Jeff Chandler

Personal information
- Full name: Jeffrey George Chandler
- Date of birth: 19 June 1959 (age 67)
- Place of birth: Hammersmith, England
- Height: 5 ft 7 in (1.70 m)
- Position: Midfielder

Youth career
- Blackpool

Senior career*
- Years: Team / Apps / (Gls)
- 1976–1979: Blackpool / 37 / (7)
- 1979–1981: Leeds United / 26 / (2)
- 1981–1985: Bolton Wanderers / 157 / (36)
- 1985–1987: Derby County / 46 / (9)
- 1987: → Mansfield Town (loan) / 6 / (0)
- 1987–1989: Bolton Wanderers / 24 / (4)
- 1989–1990: Cardiff City / 25 / (1)

International career
- 1979: Republic of Ireland U21 / 1 / (0)
- 1979: Republic of Ireland / 2 / (0)

= Jeff Chandler (footballer, born 1959) =

Footballer (born 1959)

Jeffrey George Chandler (born 19 June 1959) is a former professional footballer who played as a midfielder, making over 300 appearances in the Football League. Born in England, he won two caps for the Republic of Ireland. He began his career as an apprentice with Blackpool and went on to break into the first-team before joining First Division side Leeds United in 1979 for a fee of £100,000. He spent two seasons with Leeds before moving to Bolton Wanderers in 1981. He later played for Derby County, Mansfield Town and Cardiff City before retiring due to a severe knee injury.

==Club career==
===Blackpool===
Born in Hammersmith in London, Chandler had represented the West London schoolboys team when he was spotted by Dave Johnston, son of former England international Harry Johnston, who was working as a teacher at Chandler's school Rutherford in London. His teacher recommended him to Blackpool, who offered him a spot as an apprentice before eventually handing him his first professional contract in August 1976. He made his professional debut in September 1977 in a match against Blackburn Rovers.

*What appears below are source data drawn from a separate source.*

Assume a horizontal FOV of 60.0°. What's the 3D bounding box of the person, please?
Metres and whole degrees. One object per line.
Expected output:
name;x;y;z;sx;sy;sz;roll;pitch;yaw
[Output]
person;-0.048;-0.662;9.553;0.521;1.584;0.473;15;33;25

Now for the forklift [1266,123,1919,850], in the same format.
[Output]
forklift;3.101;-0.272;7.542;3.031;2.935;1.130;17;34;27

His performances for the Tangerines saw him selected to represent the Republic of Ireland under-21 side during the 1979–80 season and his Blackpool manager Stan Ternent informed Chandler that a number of clubs had traveled to watch him play in the match. Following the match, Chandler was approached by Dave Blakey, who was working as a scout for Leeds United, and was told about the Yorkshire-based club's interest in signing him.

===Leeds United===
He traveled to Leeds several days later, in September 1979, to sign for the club for a fee of £100,000. Chandler had originally been told by manager Jimmy Adamson that he was regarded as "one for the future" at the club, but just two weeks after signing for the Whites, he was named in the matchday squad as a substitute in a match against Manchester City on 29 September 1979. During the match, Paul Madeley suffered a concussion and was unable to continue. Chandler was introduced as a substitute, making his debut for the club during a 2–1 defeat. After a second appearance as a substitute in a 2–1 defeat to Tottenham Hotspur, Chandler was handed his first start for the club in a 2–1 victory over Southampton. He made 17 appearances during his first season and scored twice, in matches against Tottenham Hostpur and West Bromwich Albion.

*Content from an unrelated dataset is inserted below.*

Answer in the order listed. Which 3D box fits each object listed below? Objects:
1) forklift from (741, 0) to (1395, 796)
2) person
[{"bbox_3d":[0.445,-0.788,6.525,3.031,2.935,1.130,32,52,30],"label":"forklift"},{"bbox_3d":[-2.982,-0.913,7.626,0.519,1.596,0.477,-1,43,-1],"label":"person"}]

The following season, Adamson was replaced as manager by Allan Clarke. Chandler had injured his ankle just prior to Clarke's arrival, which kept him out for six weeks after the new manager's installment. Upon his return, Chandler was put straight into the first-team due to an injury to Arthur Graham, playing in a 2–1 defeat to Nottingham Forest on 22 October 1980. His lack of playing time meant he was severely short of match fitness and he struggled to complete the 90 minutes. He was dropped from the squad by Clarke for the following game and went to discuss his situation at the club with him, but Clarke told him, "When you've done what I've done in the game come back and see me. Until then turn around and get out!".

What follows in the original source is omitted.